I told them all I could, but it wasn’t much. Part of me still thought Archie was my friend.
Jesus, yer dumb.
The three greasers who burned Father got a few months in juvie: destruction of government property, mitigating circumstances, et cetera et cetera. Nobody could stomach giving them more, after they’d watched their friend die.
Archie got nothing at all. Nobody would rat. Why had the greasers gone after Father? They’d just seen him standing there, thought he was a piece of old junk it would be fun to smash into, that’s all. Stupid, a lark. Just some delinquent nonsense.

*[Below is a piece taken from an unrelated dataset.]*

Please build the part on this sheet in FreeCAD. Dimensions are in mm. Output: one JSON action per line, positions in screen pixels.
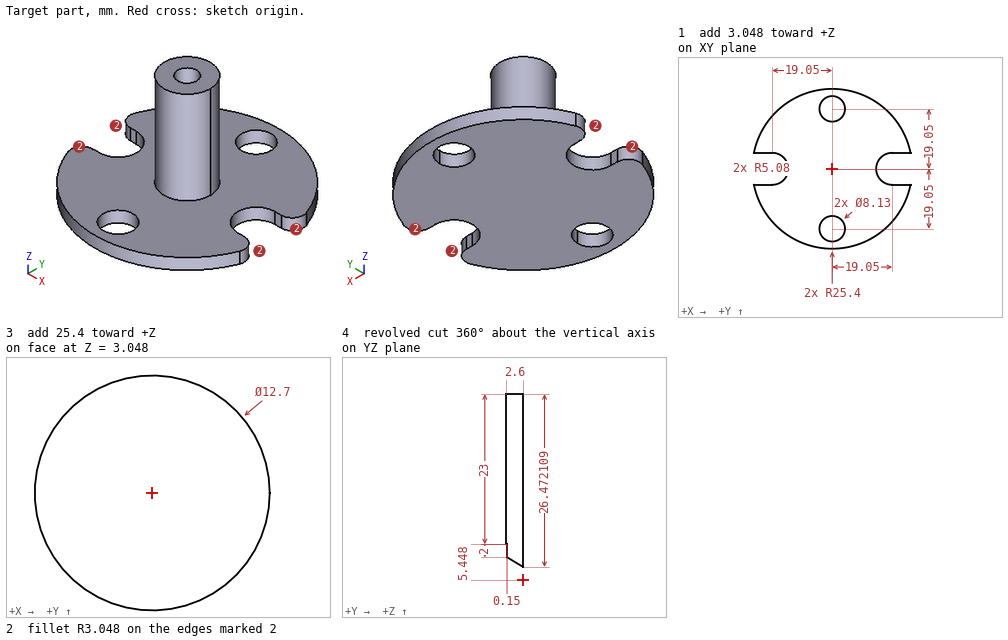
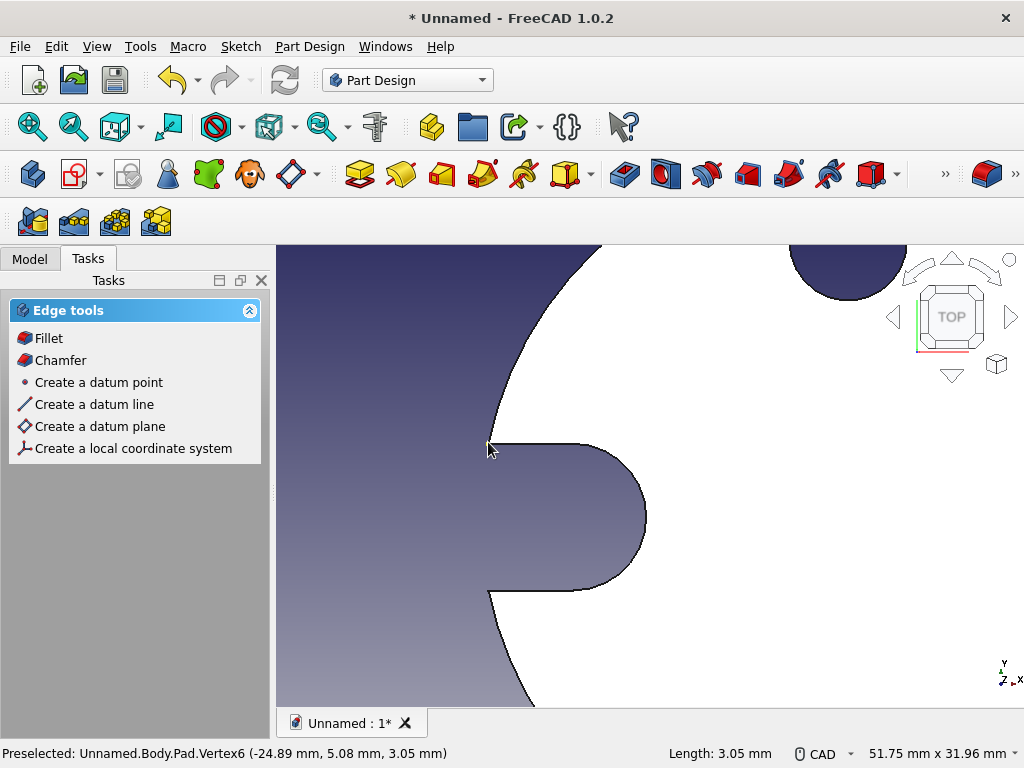
{"action": "left_click", "coordinate": [33, 128]}

Archie smirked his way through every grilling the cops gave him. The eye patch? He’d clipped a tree branch in his hot rod. The malt? He just wanted to make a kid happy. What’s the crime? The phone call? C’mon—had the kid seen him make a phone call?
As far as anyone could prove, he just wanted to buy me a vanilla malt and take me for a ride in the Witch.
The Fathers were all recalled. The program was cancelled. I guess they scrubbed all their Father programming out, the way they had their war programming.
Later, I heard they all ended up in the terraforming colonies on Mars, doing the heavy lifting and the dangerous repair jobs the colonists couldn’t do.
I wonder, sometimes, if they ever dream of their sons and daughters up there where they labor in the red dust. Of playing catch on crickety evenings back on Earth, of porch swings, of walking to the store for push-pops and orangesicles.
Jim, the VA repairman? He stuck around. And eventually, I got around to calling him Dad.
I never called him Father, though.
Even though we hit pop flies, and built rockets, and he helped me make a soap box derby car, and I came to love him.
I only had one Father. I had him for six months. I’d never have another.